In September 2005 Amman Imman founder and Executive Director Ariane Kirtley began her work in the pastoral region of the Azawak, Niger as a Fulbright Scholar conducting public health research. There, she witnessed children traveling up to 30 miles a day searching for water, often in vain. She met with families who had spent their life resources hand digging over 300 feet into the ground, yet never reaching water despite the many years of labor. She spoke with fathers who had lost their traditional way of life as herders because the rainfall had dwindled from five months to one month annually in just a decade, all of whose animals had perished from thirst and hunger. Her research indicated that among the region’s 500,000 inhabitants one out of two children die before the age of five, mostly due to dehydration and water-related illnesses.

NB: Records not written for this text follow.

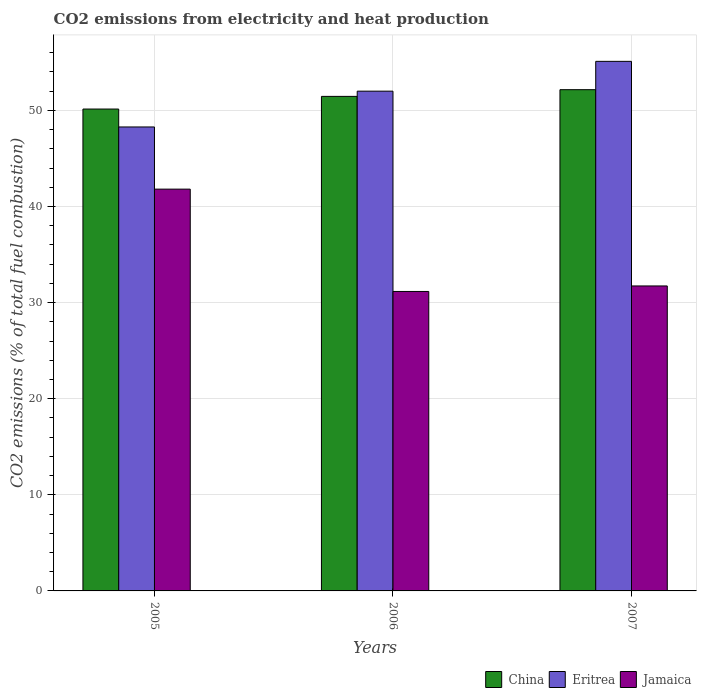How many groups of bars are there?
Offer a very short reply. 3. Are the number of bars on each tick of the X-axis equal?
Your response must be concise. Yes. How many bars are there on the 1st tick from the right?
Your response must be concise. 3. What is the label of the 1st group of bars from the left?
Make the answer very short. 2005. What is the amount of CO2 emitted in China in 2006?
Your response must be concise. 51.46. Across all years, what is the maximum amount of CO2 emitted in Eritrea?
Offer a very short reply. 55.1. Across all years, what is the minimum amount of CO2 emitted in Eritrea?
Provide a short and direct response. 48.28. In which year was the amount of CO2 emitted in China minimum?
Ensure brevity in your answer.  2005. What is the total amount of CO2 emitted in Eritrea in the graph?
Offer a terse response. 155.38. What is the difference between the amount of CO2 emitted in China in 2006 and that in 2007?
Provide a short and direct response. -0.7. What is the difference between the amount of CO2 emitted in Jamaica in 2005 and the amount of CO2 emitted in Eritrea in 2006?
Provide a short and direct response. -10.19. What is the average amount of CO2 emitted in China per year?
Your answer should be very brief. 51.25. In the year 2007, what is the difference between the amount of CO2 emitted in Eritrea and amount of CO2 emitted in China?
Your answer should be compact. 2.95. What is the ratio of the amount of CO2 emitted in Eritrea in 2005 to that in 2007?
Your answer should be compact. 0.88. Is the difference between the amount of CO2 emitted in Eritrea in 2005 and 2007 greater than the difference between the amount of CO2 emitted in China in 2005 and 2007?
Keep it short and to the point. No. What is the difference between the highest and the second highest amount of CO2 emitted in Eritrea?
Offer a very short reply. 3.1. What is the difference between the highest and the lowest amount of CO2 emitted in Jamaica?
Provide a short and direct response. 10.65. What does the 3rd bar from the left in 2006 represents?
Offer a terse response. Jamaica. What does the 1st bar from the right in 2006 represents?
Your answer should be very brief. Jamaica. What is the difference between two consecutive major ticks on the Y-axis?
Your answer should be compact. 10. Does the graph contain grids?
Give a very brief answer. Yes. How are the legend labels stacked?
Keep it short and to the point. Horizontal. What is the title of the graph?
Offer a terse response. CO2 emissions from electricity and heat production. Does "Middle East & North Africa (all income levels)" appear as one of the legend labels in the graph?
Your answer should be very brief. No. What is the label or title of the Y-axis?
Offer a terse response. CO2 emissions (% of total fuel combustion). What is the CO2 emissions (% of total fuel combustion) in China in 2005?
Offer a very short reply. 50.14. What is the CO2 emissions (% of total fuel combustion) of Eritrea in 2005?
Give a very brief answer. 48.28. What is the CO2 emissions (% of total fuel combustion) in Jamaica in 2005?
Offer a terse response. 41.81. What is the CO2 emissions (% of total fuel combustion) of China in 2006?
Your response must be concise. 51.46. What is the CO2 emissions (% of total fuel combustion) in Eritrea in 2006?
Your answer should be very brief. 52. What is the CO2 emissions (% of total fuel combustion) of Jamaica in 2006?
Make the answer very short. 31.16. What is the CO2 emissions (% of total fuel combustion) of China in 2007?
Keep it short and to the point. 52.15. What is the CO2 emissions (% of total fuel combustion) of Eritrea in 2007?
Give a very brief answer. 55.1. What is the CO2 emissions (% of total fuel combustion) of Jamaica in 2007?
Give a very brief answer. 31.73. Across all years, what is the maximum CO2 emissions (% of total fuel combustion) of China?
Offer a terse response. 52.15. Across all years, what is the maximum CO2 emissions (% of total fuel combustion) in Eritrea?
Offer a very short reply. 55.1. Across all years, what is the maximum CO2 emissions (% of total fuel combustion) in Jamaica?
Give a very brief answer. 41.81. Across all years, what is the minimum CO2 emissions (% of total fuel combustion) in China?
Your answer should be compact. 50.14. Across all years, what is the minimum CO2 emissions (% of total fuel combustion) in Eritrea?
Make the answer very short. 48.28. Across all years, what is the minimum CO2 emissions (% of total fuel combustion) of Jamaica?
Keep it short and to the point. 31.16. What is the total CO2 emissions (% of total fuel combustion) of China in the graph?
Provide a short and direct response. 153.75. What is the total CO2 emissions (% of total fuel combustion) of Eritrea in the graph?
Offer a very short reply. 155.38. What is the total CO2 emissions (% of total fuel combustion) in Jamaica in the graph?
Offer a very short reply. 104.7. What is the difference between the CO2 emissions (% of total fuel combustion) in China in 2005 and that in 2006?
Your answer should be compact. -1.32. What is the difference between the CO2 emissions (% of total fuel combustion) of Eritrea in 2005 and that in 2006?
Offer a terse response. -3.72. What is the difference between the CO2 emissions (% of total fuel combustion) in Jamaica in 2005 and that in 2006?
Make the answer very short. 10.65. What is the difference between the CO2 emissions (% of total fuel combustion) of China in 2005 and that in 2007?
Give a very brief answer. -2.02. What is the difference between the CO2 emissions (% of total fuel combustion) of Eritrea in 2005 and that in 2007?
Your answer should be very brief. -6.83. What is the difference between the CO2 emissions (% of total fuel combustion) in Jamaica in 2005 and that in 2007?
Ensure brevity in your answer.  10.07. What is the difference between the CO2 emissions (% of total fuel combustion) of China in 2006 and that in 2007?
Provide a succinct answer. -0.7. What is the difference between the CO2 emissions (% of total fuel combustion) of Eritrea in 2006 and that in 2007?
Your answer should be compact. -3.1. What is the difference between the CO2 emissions (% of total fuel combustion) of Jamaica in 2006 and that in 2007?
Offer a very short reply. -0.57. What is the difference between the CO2 emissions (% of total fuel combustion) in China in 2005 and the CO2 emissions (% of total fuel combustion) in Eritrea in 2006?
Keep it short and to the point. -1.86. What is the difference between the CO2 emissions (% of total fuel combustion) in China in 2005 and the CO2 emissions (% of total fuel combustion) in Jamaica in 2006?
Your answer should be very brief. 18.98. What is the difference between the CO2 emissions (% of total fuel combustion) in Eritrea in 2005 and the CO2 emissions (% of total fuel combustion) in Jamaica in 2006?
Offer a very short reply. 17.12. What is the difference between the CO2 emissions (% of total fuel combustion) in China in 2005 and the CO2 emissions (% of total fuel combustion) in Eritrea in 2007?
Provide a short and direct response. -4.96. What is the difference between the CO2 emissions (% of total fuel combustion) of China in 2005 and the CO2 emissions (% of total fuel combustion) of Jamaica in 2007?
Make the answer very short. 18.41. What is the difference between the CO2 emissions (% of total fuel combustion) of Eritrea in 2005 and the CO2 emissions (% of total fuel combustion) of Jamaica in 2007?
Ensure brevity in your answer.  16.54. What is the difference between the CO2 emissions (% of total fuel combustion) in China in 2006 and the CO2 emissions (% of total fuel combustion) in Eritrea in 2007?
Keep it short and to the point. -3.64. What is the difference between the CO2 emissions (% of total fuel combustion) in China in 2006 and the CO2 emissions (% of total fuel combustion) in Jamaica in 2007?
Offer a very short reply. 19.72. What is the difference between the CO2 emissions (% of total fuel combustion) in Eritrea in 2006 and the CO2 emissions (% of total fuel combustion) in Jamaica in 2007?
Offer a very short reply. 20.27. What is the average CO2 emissions (% of total fuel combustion) of China per year?
Provide a succinct answer. 51.25. What is the average CO2 emissions (% of total fuel combustion) of Eritrea per year?
Keep it short and to the point. 51.79. What is the average CO2 emissions (% of total fuel combustion) of Jamaica per year?
Make the answer very short. 34.9. In the year 2005, what is the difference between the CO2 emissions (% of total fuel combustion) of China and CO2 emissions (% of total fuel combustion) of Eritrea?
Give a very brief answer. 1.86. In the year 2005, what is the difference between the CO2 emissions (% of total fuel combustion) in China and CO2 emissions (% of total fuel combustion) in Jamaica?
Provide a short and direct response. 8.33. In the year 2005, what is the difference between the CO2 emissions (% of total fuel combustion) of Eritrea and CO2 emissions (% of total fuel combustion) of Jamaica?
Ensure brevity in your answer.  6.47. In the year 2006, what is the difference between the CO2 emissions (% of total fuel combustion) of China and CO2 emissions (% of total fuel combustion) of Eritrea?
Keep it short and to the point. -0.54. In the year 2006, what is the difference between the CO2 emissions (% of total fuel combustion) in China and CO2 emissions (% of total fuel combustion) in Jamaica?
Ensure brevity in your answer.  20.3. In the year 2006, what is the difference between the CO2 emissions (% of total fuel combustion) in Eritrea and CO2 emissions (% of total fuel combustion) in Jamaica?
Provide a succinct answer. 20.84. In the year 2007, what is the difference between the CO2 emissions (% of total fuel combustion) of China and CO2 emissions (% of total fuel combustion) of Eritrea?
Offer a terse response. -2.95. In the year 2007, what is the difference between the CO2 emissions (% of total fuel combustion) in China and CO2 emissions (% of total fuel combustion) in Jamaica?
Give a very brief answer. 20.42. In the year 2007, what is the difference between the CO2 emissions (% of total fuel combustion) in Eritrea and CO2 emissions (% of total fuel combustion) in Jamaica?
Your answer should be very brief. 23.37. What is the ratio of the CO2 emissions (% of total fuel combustion) of China in 2005 to that in 2006?
Make the answer very short. 0.97. What is the ratio of the CO2 emissions (% of total fuel combustion) in Eritrea in 2005 to that in 2006?
Provide a succinct answer. 0.93. What is the ratio of the CO2 emissions (% of total fuel combustion) in Jamaica in 2005 to that in 2006?
Your response must be concise. 1.34. What is the ratio of the CO2 emissions (% of total fuel combustion) in China in 2005 to that in 2007?
Provide a short and direct response. 0.96. What is the ratio of the CO2 emissions (% of total fuel combustion) in Eritrea in 2005 to that in 2007?
Provide a succinct answer. 0.88. What is the ratio of the CO2 emissions (% of total fuel combustion) of Jamaica in 2005 to that in 2007?
Your answer should be compact. 1.32. What is the ratio of the CO2 emissions (% of total fuel combustion) of China in 2006 to that in 2007?
Offer a very short reply. 0.99. What is the ratio of the CO2 emissions (% of total fuel combustion) of Eritrea in 2006 to that in 2007?
Keep it short and to the point. 0.94. What is the ratio of the CO2 emissions (% of total fuel combustion) in Jamaica in 2006 to that in 2007?
Offer a very short reply. 0.98. What is the difference between the highest and the second highest CO2 emissions (% of total fuel combustion) in China?
Your answer should be compact. 0.7. What is the difference between the highest and the second highest CO2 emissions (% of total fuel combustion) of Eritrea?
Make the answer very short. 3.1. What is the difference between the highest and the second highest CO2 emissions (% of total fuel combustion) in Jamaica?
Your answer should be very brief. 10.07. What is the difference between the highest and the lowest CO2 emissions (% of total fuel combustion) of China?
Provide a short and direct response. 2.02. What is the difference between the highest and the lowest CO2 emissions (% of total fuel combustion) of Eritrea?
Make the answer very short. 6.83. What is the difference between the highest and the lowest CO2 emissions (% of total fuel combustion) of Jamaica?
Make the answer very short. 10.65.

Perhaps even more alarming than their distressing living conditions, the communities of the Azawak were receiving little or no assistance from the rest of the world to help them adapt and survive. Yet to Ariane, their need was so simple and obvious: every mother, father, child, and local government official she talked with asked for her help in bringing water to their land. Seeing this as the responsibility of experienced development organizations, she set out to bring the plight of the Azawak to their attention and to request their assistance.
The organizations she pursued did not respond favorably. Ariane heard excuses for not working in the region. It was too poor. There was no infrastructure. At the same time, Ariane had a profound and moving experience: there were several new deaths within her new community of friends due to the encroaching dry season and the profound lack of water. Yet, there was water in a huge aquifer just beneath her feet, plenty of it - and it was pure and sweet water. But there was a major obstacle, the water source lay at a minimum depth of 600 feet and it was not just under the sand – there was also solid African bedrock to drill through. Undaunted, Ariane was determined to bring water to these great and ancient people. But not only would it take money, it would also require the courage and skill know-how of many different people. So, with the untiring help and encouragement of loved ones --primarily Ariane’s father, Michael Kirtley; husband, Denis Gontero; and dear friend, Dennis Hamilton – Amman Imman : Water is Life was founded in February 2006. Upon hearing of the Azawak’s beauty and calamity, Reverend Janet Cornelius provided seed money for Amman Imman to begin operations drilling water wells in the Azawak.
Amman Imman’s Origins as a program of the Friendship Caravan
For the first four years of existence, Amman Imman: Water is Life operated as the humanitarian program of the American 501c3, The Friendship Caravan. In this short time, Amman Imman established flourishing operations in America and in Niger.
Program Amman Imman’s first successful
project was to construct a water bearing borehole for 25,000 people and
animals in the village of Tangarwashane. The organization also the
instigated getting the borehole of Tchinwagari built. After
construction of these wells, program personnel provided extensive follow
up and guidance in order to ascertain proper management and sustainability
of the boreholes.
In the United States, Amman Imman
established administrative, fundraising, and awareness-raising
structures while operating as a program of the Friendship
Caravan. The program grew to have its own office and small
staff, as well as a blossoming service learning program entitled Wells of
Love, directed by Amman Imman’s current Associate Director, Debra
Amman Imman: Water is Life Today and its Vision for the Future
As Amman Imman: Water is Life has
proceeded to bring water and hope to the Azawak of West Africa, the
organization’s vision has blossomed. We plan on creating fifty or
more “Oases of Life” across the Azawak. Life there begins and ends
with water or the lack thereof. With Amman Imman’s construction of
water-bearing boreholes all other forms of development can sprout (such as
schools, health clinics, opportunities for commerce, appropriate
agricultural and livestock technologies and environmental protection
programs). Furthermore, through the provision of sustainable and permanent
water sources, Amman Imman will continue saving thousands of
lives and providing hope to the half-million people of the Azawak
region. Once Amman Imman is successful in planting firmly rooted
oases of life throughout the Azawak, it will seek out other abandoned and
extremely vulnerable populations of the world to help establish stability,
life, and hope in these communities.